After 22 epochs, the stopping conditions were met and the model stopped training. It reached an accuracy of 98.67% on the validation set (5% of the training data that was set aside for self-evaluation). Although this is a decent result, it is more important to find out how accurate the model is on completely new data. This is where the test set, the 10% that was set apart at the beginning, comes in.

First, a few more functions are needed to be able to convert input data into predicted outcomes. The function *prediction_dict* converts the predicted sequences of 9 words into phrase atom boundary predictions for each individual word.

In [17]:
def encoder_decoder_model(encoder_input, encoder_states, decoder_LSTM, decoder_dense):
    # encoder inference model
    encoder_model_inf = Model(encoder_input, encoder_states)

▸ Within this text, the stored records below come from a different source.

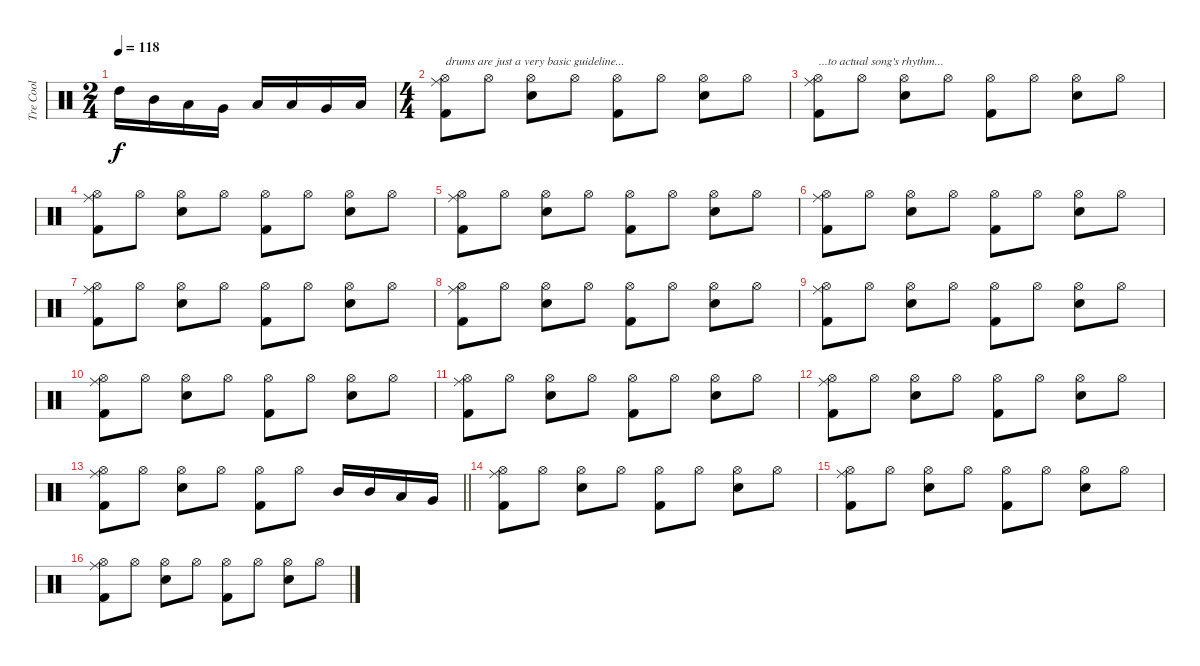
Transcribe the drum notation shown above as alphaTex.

\track ("Tre Cool" "Tre Cool") {instrument percussion}
\staff {score}
\articulation defaults
\ts (2 4)
\tempo 118
\clef neutral
\ks c "High Tom (hit)".16{dy f} "Mid Tom (hit)".16 "Low Tom (hit)".16 "Very Low Tom (hit)".16 "Low Floor Tom (hit)".16 "Low Tom (hit)".16 "Very Low Tom (hit)".16 "Low Floor Tom (hit)".16
|
\ts (4 4)
("Hi-Hat (open)" "Ride (middle)" "Kick (hit) 2").8{txt "drums are just a very basic guideline..."} "Hi-Hat (open)".8 ("Hi-Hat (open)" "Snare (hit) 2").8 "Hi-Hat (open)".8 ("Hi-Hat (open)" "Kick (hit) 2").8 "Hi-Hat (open)".8 ("Hi-Hat (open)" "Snare (hit) 2").8 "Hi-Hat (open)".8 |
("Hi-Hat (open)" "Ride (middle)" "Kick (hit) 2").8{txt "...to actual song's rhythm..."} "Hi-Hat (open)".8 ("Hi-Hat (open)" "Snare (hit) 2").8 "Hi-Hat (open)".8 ("Hi-Hat (open)" "Kick (hit) 2").8 "Hi-Hat (open)".8 ("Hi-Hat (open)" "Snare (hit) 2").8 "Hi-Hat (open)".8 |
("Hi-Hat (open)" "Ride (middle)" "Kick (hit) 2").8 "Hi-Hat (open)".8 ("Hi-Hat (open)" "Snare (hit) 2").8 "Hi-Hat (open)".8 ("Hi-Hat (open)" "Kick (hit) 2").8 "Hi-Hat (open)".8 ("Hi-Hat (open)" "Snare (hit) 2").8 "Hi-Hat (open)".8 |
("Hi-Hat (open)" "Ride (middle)" "Kick (hit) 2").8 "Hi-Hat (open)".8 ("Hi-Hat (open)" "Snare (hit) 2").8 "Hi-Hat (open)".8 ("Hi-Hat (open)" "Kick (hit) 2").8 "Hi-Hat (open)".8 ("Hi-Hat (open)" "Snare (hit) 2").8 "Hi-Hat (open)".8 |
("Hi-Hat (open)" "Ride (middle)" "Kick (hit) 2").8 "Hi-Hat (open)".8 ("Hi-Hat (open)" "Snare (hit) 2").8 "Hi-Hat (open)".8 ("Hi-Hat (open)" "Kick (hit) 2").8 "Hi-Hat (open)".8 ("Hi-Hat (open)" "Snare (hit) 2").8 "Hi-Hat (open)".8 |
("Hi-Hat (open)" "Ride (middle)" "Kick (hit) 2").8 "Hi-Hat (open)".8 ("Hi-Hat (open)" "Snare (hit) 2").8 "Hi-Hat (open)".8 ("Hi-Hat (open)" "Kick (hit) 2").8 "Hi-Hat (open)".8 ("Hi-Hat (open)" "Snare (hit) 2").8 "Hi-Hat (open)".8 |
("Hi-Hat (open)" "Ride (middle)" "Kick (hit) 2").8 "Hi-Hat (open)".8 ("Hi-Hat (open)" "Snare (hit) 2").8 "Hi-Hat (open)".8 ("Hi-Hat (open)" "Kick (hit) 2").8 "Hi-Hat (open)".8 ("Hi-Hat (open)" "Snare (hit) 2").8 "Hi-Hat (open)".8 |
("Hi-Hat (open)" "Ride (middle)" "Kick (hit) 2").8 "Hi-Hat (open)".8 ("Hi-Hat (open)" "Snare (hit) 2").8 "Hi-Hat (open)".8 ("Hi-Hat (open)" "Kick (hit) 2").8 "Hi-Hat (open)".8 ("Hi-Hat (open)" "Snare (hit) 2").8 "Hi-Hat (open)".8 |
("Hi-Hat (open)" "Ride (middle)" "Kick (hit) 2").8 "Hi-Hat (open)".8 ("Hi-Hat (open)" "Snare (hit) 2").8 "Hi-Hat (open)".8 ("Hi-Hat (open)" "Kick (hit) 2").8 "Hi-Hat (open)".8 ("Hi-Hat (open)" "Snare (hit) 2").8 "Hi-Hat (open)".8 |
("Hi-Hat (open)" "Ride (middle)" "Kick (hit) 2").8 "Hi-Hat (open)".8 ("Hi-Hat (open)" "Snare (hit) 2").8 "Hi-Hat (open)".8 ("Hi-Hat (open)" "Kick (hit) 2").8 "Hi-Hat (open)".8 ("Hi-Hat (open)" "Snare (hit) 2").8 "Hi-Hat (open)".8 |
("Hi-Hat (open)" "Ride (middle)" "Kick (hit) 2").8 "Hi-Hat (open)".8 ("Hi-Hat (open)" "Snare (hit) 2").8 "Hi-Hat (open)".8 ("Hi-Hat (open)" "Kick (hit) 2").8 "Hi-Hat (open)".8 ("Hi-Hat (open)" "Snare (hit) 2").8 "Hi-Hat (open)".8 |
\barLineRight lightlight
("Hi-Hat (open)" "Ride (middle)" "Kick (hit) 2").8 "Hi-Hat (open)".8 ("Hi-Hat (open)" "Snare (hit) 2").8 "Hi-Hat (open)".8 ("Hi-Hat (open)" "Kick (hit) 2").8 "Hi-Hat (open)".8 "Mid Tom (hit)".16 "Mid Tom (hit)".16 "Low Tom (hit)".16 "Very Low Tom (hit)".16 |
("Hi-Hat (open)" "Ride (middle)" "Kick (hit) 2").8 "Hi-Hat (open)".8 ("Hi-Hat (open)" "Snare (hit) 2").8 "Hi-Hat (open)".8 ("Hi-Hat (open)" "Kick (hit) 2").8 "Hi-Hat (open)".8 ("Hi-Hat (open)" "Snare (hit) 2").8 "Hi-Hat (open)".8 |
("Hi-Hat (open)" "Ride (middle)" "Kick (hit) 2").8 "Hi-Hat (open)".8 ("Hi-Hat (open)" "Snare (hit) 2").8 "Hi-Hat (open)".8 ("Hi-Hat (open)" "Kick (hit) 2").8 "Hi-Hat (open)".8 ("Hi-Hat (open)" "Snare (hit) 2").8 "Hi-Hat (open)".8 |
("Hi-Hat (open)" "Ride (middle)" "Kick (hit) 2").8 "Hi-Hat (open)".8 ("Hi-Hat (open)" "Snare (hit) 2").8 "Hi-Hat (open)".8 ("Hi-Hat (open)" "Kick (hit) 2").8 "Hi-Hat (open)".8 ("Hi-Hat (open)" "Snare (hit) 2").8 "Hi-Hat (open)".8

    # decoder inference model
    decoder_state_input_h = Input(shape=(250, ))
    decoder_state_input_c = Input(shape=(250, ))
    decoder_input_states = [decoder_state_input_h, decoder_state_input_c]

    decoder_out, decoder_h, decoder_c = decoder_LSTM(
        decoder_input, initial_state=decoder_input_states)

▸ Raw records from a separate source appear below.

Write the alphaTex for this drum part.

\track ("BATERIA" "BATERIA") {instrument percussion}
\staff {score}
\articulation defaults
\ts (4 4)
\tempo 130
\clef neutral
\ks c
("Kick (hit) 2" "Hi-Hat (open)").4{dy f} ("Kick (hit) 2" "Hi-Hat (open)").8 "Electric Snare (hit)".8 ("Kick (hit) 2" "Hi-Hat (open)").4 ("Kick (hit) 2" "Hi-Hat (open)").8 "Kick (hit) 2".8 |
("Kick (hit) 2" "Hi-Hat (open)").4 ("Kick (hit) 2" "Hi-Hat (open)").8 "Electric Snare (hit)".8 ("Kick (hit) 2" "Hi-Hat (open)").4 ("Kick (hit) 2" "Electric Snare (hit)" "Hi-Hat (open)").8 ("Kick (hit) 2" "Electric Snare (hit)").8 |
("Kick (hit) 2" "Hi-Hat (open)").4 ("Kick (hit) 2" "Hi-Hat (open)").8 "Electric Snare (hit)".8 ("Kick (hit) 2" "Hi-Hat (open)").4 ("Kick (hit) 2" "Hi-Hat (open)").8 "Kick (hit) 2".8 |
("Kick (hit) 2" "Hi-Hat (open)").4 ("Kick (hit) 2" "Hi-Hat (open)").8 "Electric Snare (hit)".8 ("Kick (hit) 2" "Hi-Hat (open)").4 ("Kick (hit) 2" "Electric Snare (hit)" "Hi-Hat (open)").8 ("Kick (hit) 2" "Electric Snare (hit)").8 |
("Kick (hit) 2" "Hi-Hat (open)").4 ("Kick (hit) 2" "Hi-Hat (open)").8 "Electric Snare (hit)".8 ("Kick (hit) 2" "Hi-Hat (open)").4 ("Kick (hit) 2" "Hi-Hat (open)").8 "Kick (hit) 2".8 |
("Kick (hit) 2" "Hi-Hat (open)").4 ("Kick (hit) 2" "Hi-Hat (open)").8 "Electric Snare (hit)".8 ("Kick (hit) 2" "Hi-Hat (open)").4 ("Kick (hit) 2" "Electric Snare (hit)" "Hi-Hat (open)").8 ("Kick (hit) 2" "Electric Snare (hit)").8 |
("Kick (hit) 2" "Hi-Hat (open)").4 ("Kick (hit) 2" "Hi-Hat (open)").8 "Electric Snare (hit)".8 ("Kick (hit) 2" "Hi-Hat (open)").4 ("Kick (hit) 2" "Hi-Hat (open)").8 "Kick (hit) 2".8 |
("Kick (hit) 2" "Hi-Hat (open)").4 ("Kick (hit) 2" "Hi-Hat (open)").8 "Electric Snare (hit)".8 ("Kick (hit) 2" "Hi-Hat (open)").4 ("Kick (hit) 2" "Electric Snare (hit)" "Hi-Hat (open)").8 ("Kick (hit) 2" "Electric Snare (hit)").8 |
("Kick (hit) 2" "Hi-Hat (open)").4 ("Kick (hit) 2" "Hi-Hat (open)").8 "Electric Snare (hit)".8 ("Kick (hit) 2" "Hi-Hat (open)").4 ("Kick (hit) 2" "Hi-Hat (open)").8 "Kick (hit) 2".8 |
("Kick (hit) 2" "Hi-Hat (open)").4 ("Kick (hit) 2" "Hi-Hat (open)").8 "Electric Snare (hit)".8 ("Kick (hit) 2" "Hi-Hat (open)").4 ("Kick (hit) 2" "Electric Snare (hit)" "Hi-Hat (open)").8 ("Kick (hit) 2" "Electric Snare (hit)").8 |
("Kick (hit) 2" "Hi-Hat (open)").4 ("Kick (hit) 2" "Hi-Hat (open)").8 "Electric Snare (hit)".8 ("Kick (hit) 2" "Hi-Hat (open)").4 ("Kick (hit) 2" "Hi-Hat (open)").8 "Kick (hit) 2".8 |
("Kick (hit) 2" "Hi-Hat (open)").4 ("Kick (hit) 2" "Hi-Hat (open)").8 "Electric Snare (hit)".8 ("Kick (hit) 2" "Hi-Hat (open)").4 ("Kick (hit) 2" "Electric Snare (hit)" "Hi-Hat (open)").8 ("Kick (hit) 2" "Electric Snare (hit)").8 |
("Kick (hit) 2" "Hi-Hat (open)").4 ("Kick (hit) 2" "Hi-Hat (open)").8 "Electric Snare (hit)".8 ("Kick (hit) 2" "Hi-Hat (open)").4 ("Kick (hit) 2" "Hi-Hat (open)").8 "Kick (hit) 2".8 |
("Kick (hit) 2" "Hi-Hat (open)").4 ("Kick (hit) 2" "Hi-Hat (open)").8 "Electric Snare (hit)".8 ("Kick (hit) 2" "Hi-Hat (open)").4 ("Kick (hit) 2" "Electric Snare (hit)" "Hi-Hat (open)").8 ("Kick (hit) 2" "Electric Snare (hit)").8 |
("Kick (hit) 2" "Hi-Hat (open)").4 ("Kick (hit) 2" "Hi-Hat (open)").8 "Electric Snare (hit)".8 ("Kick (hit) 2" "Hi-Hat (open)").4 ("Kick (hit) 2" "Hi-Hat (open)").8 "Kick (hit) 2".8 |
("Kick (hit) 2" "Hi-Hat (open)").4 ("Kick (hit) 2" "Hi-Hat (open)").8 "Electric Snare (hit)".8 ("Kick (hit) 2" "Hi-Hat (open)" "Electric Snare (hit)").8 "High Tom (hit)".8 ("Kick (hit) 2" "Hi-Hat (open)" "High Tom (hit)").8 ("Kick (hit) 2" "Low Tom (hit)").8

    decoder_states = [decoder_h, decoder_c]

    decoder_out = decoder_dense(decoder_out)

    decoder_model_inf = Model(inputs=[decoder_input] + decoder_input_states,
                              outputs=[decoder_out] + decoder_states)

    return encoder_model_inf, decoder_model_inf

The function *decode_seq()* uses the trained model to predict output sequences. It takes one-hot encoded sequences of words as input.

In [18]:
def decode_seq(ip_seq, encoder_model_inf, decoder_model_inf, op_ph_voc,
               op_ph2idx, op_idx2ph):

    states_val = encoder_model_inf.predict(ip_seq)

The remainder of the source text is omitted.